Work order:
State the number of lines in the records underneath where the word "bounding" turns up, and say nothing else.

Input records:
# # # # #

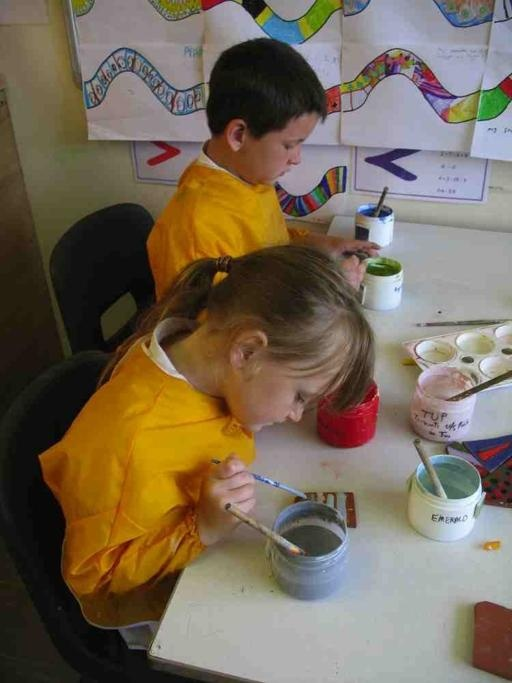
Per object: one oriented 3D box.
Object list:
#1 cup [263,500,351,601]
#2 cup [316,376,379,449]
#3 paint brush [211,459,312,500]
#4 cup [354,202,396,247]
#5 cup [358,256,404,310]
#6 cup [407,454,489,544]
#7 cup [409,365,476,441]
[{"bbox_3d":[0.064,0.242,0.691,0.097,0.069,0.094,-7,37,5],"label":"cup"},{"bbox_3d":[0.138,0.115,0.917,0.087,0.079,0.092,-4,32,3],"label":"cup"},{"bbox_3d":[0.007,0.186,0.794,0.132,0.010,0.012,24,2,-22],"label":"paint brush"},{"bbox_3d":[0.290,-0.285,1.526,0.119,0.109,0.111,-1,35,1],"label":"cup"},{"bbox_3d":[0.262,-0.118,1.292,0.138,0.089,0.087,10,40,18],"label":"cup"},{"bbox_3d":[0.222,0.197,0.753,0.097,0.092,0.097,-3,52,4],"label":"cup"},{"bbox_3d":[0.266,0.101,0.939,0.108,0.103,0.109,-2,41,2],"label":"cup"}]
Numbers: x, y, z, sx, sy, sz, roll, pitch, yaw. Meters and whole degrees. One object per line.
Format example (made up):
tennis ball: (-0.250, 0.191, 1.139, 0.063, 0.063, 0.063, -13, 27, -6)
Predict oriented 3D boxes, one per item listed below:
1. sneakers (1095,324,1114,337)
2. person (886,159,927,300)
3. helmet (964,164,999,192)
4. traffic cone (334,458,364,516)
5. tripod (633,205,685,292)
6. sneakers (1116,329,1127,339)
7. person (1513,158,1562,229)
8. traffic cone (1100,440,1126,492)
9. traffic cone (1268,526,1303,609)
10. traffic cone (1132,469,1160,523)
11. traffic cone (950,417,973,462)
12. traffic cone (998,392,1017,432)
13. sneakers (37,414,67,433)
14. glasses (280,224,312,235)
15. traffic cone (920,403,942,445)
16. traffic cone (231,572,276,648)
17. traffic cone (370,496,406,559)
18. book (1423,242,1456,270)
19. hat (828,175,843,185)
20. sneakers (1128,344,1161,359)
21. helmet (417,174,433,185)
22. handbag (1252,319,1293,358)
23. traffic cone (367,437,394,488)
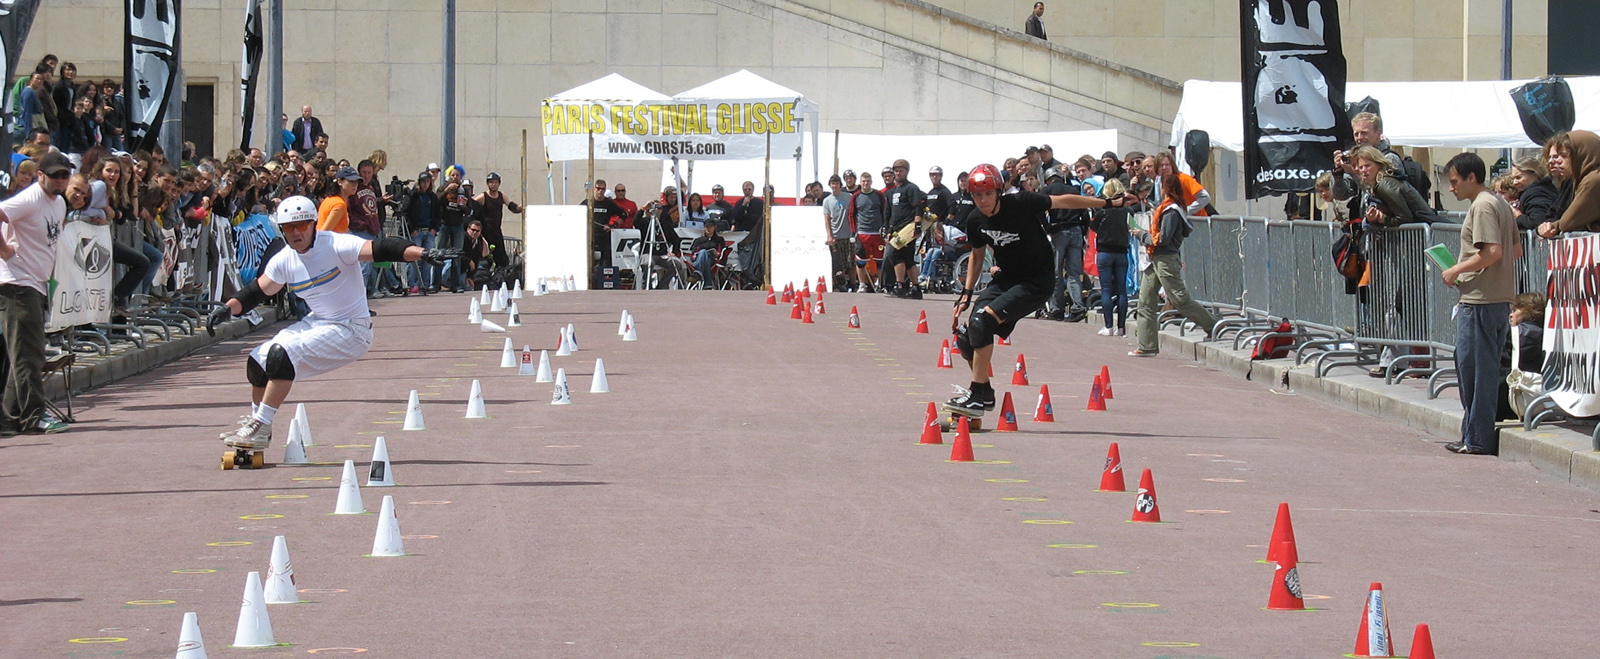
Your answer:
sneakers: (7.126, 0.092, 52.399, 0.315, 0.177, 0.499, -1, -2, 20)
person: (2.783, -2.596, 60.199, 1.004, 3.575, 1.361, 0, 7, 1)
helmet: (3.445, -2.797, 42.227, 0.474, 0.512, 0.580, 3, 8, 22)
traffic cone: (-7.705, 2.663, 37.844, 0.520, 0.879, 0.823, -1, 7, -11)
tripod: (-4.126, -2.346, 64.516, 1.208, 2.445, 0.726, 0, 7, -6)
sneakers: (7.485, 0.139, 52.219, 0.233, 0.175, 0.202, 1, 5, 4)
person: (13.471, -2.580, 41.652, 1.254, 1.389, 1.629, -2, -1, 21)
traffic cone: (5.445, 2.356, 39.075, 0.408, 0.819, 1.078, 1, 7, 8)
traffic cone: (7.730, 3.898, 35.415, 0.566, 1.091, 0.567, 3, 8, 19)
traffic cone: (5.857, 2.791, 37.836, 0.449, 0.887, 0.786, 1, 7, 8)
traffic cone: (2.904, 1.986, 40.356, 0.424, 0.692, 0.980, 1, 7, 4)
traffic cone: (3.900, 1.549, 42.087, 0.354, 0.688, 0.821, 1, 7, 5)
sneakers: (-13.984, 1.806, 41.566, 0.618, 0.245, 0.194, -1, 48, 54)
glasses: (-9.021, -1.749, 39.938, 0.549, 0.194, 0.114, -1, 7, -8)
traffic cone: (2.403, 1.723, 41.221, 0.404, 0.708, 1.023, 1, 7, 3)
traffic cone: (-8.471, 4.308, 34.457, 0.660, 1.189, 0.577, -1, 7, -12)
traffic cone: (-6.797, 3.212, 36.541, 0.564, 0.948, 0.568, -1, 7, -10)
book: (11.780, -1.234, 41.394, 0.545, 0.504, 0.154, -30, -22, -38)
hat: (0.948, -4.142, 63.305, 0.463, 0.206, 0.535, 1, 4, 1)
sneakers: (7.591, 0.549, 49.198, 0.675, 0.220, 0.218, 2, 1, 5)
helmet: (-10.365, -4.049, 61.262, 0.353, 0.309, 0.325, 0, 7, -3)
handbag: (9.970, 0.295, 47.144, 0.967, 0.736, 0.303, -2, 7, -15)
traffic cone: (-7.341, 2.265, 38.871, 0.431, 0.823, 1.062, -1, 7, -11)
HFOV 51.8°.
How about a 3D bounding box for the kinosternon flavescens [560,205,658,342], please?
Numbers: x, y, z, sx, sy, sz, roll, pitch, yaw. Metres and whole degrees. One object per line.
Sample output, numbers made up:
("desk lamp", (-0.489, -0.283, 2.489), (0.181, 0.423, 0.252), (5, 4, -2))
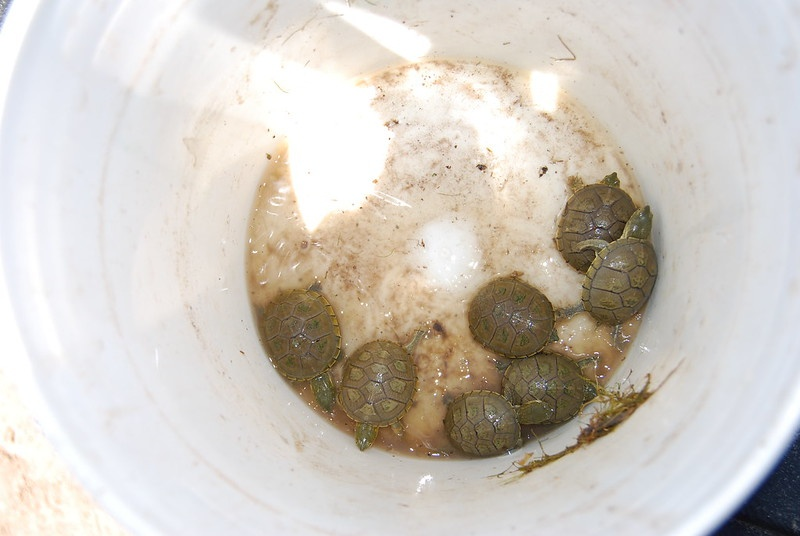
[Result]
("kinosternon flavescens", (0.969, 0.016, 3.813), (0.311, 0.642, 0.425), (-2, -3, -29))

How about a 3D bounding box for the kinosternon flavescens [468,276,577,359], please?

# # # # #

Written solution:
2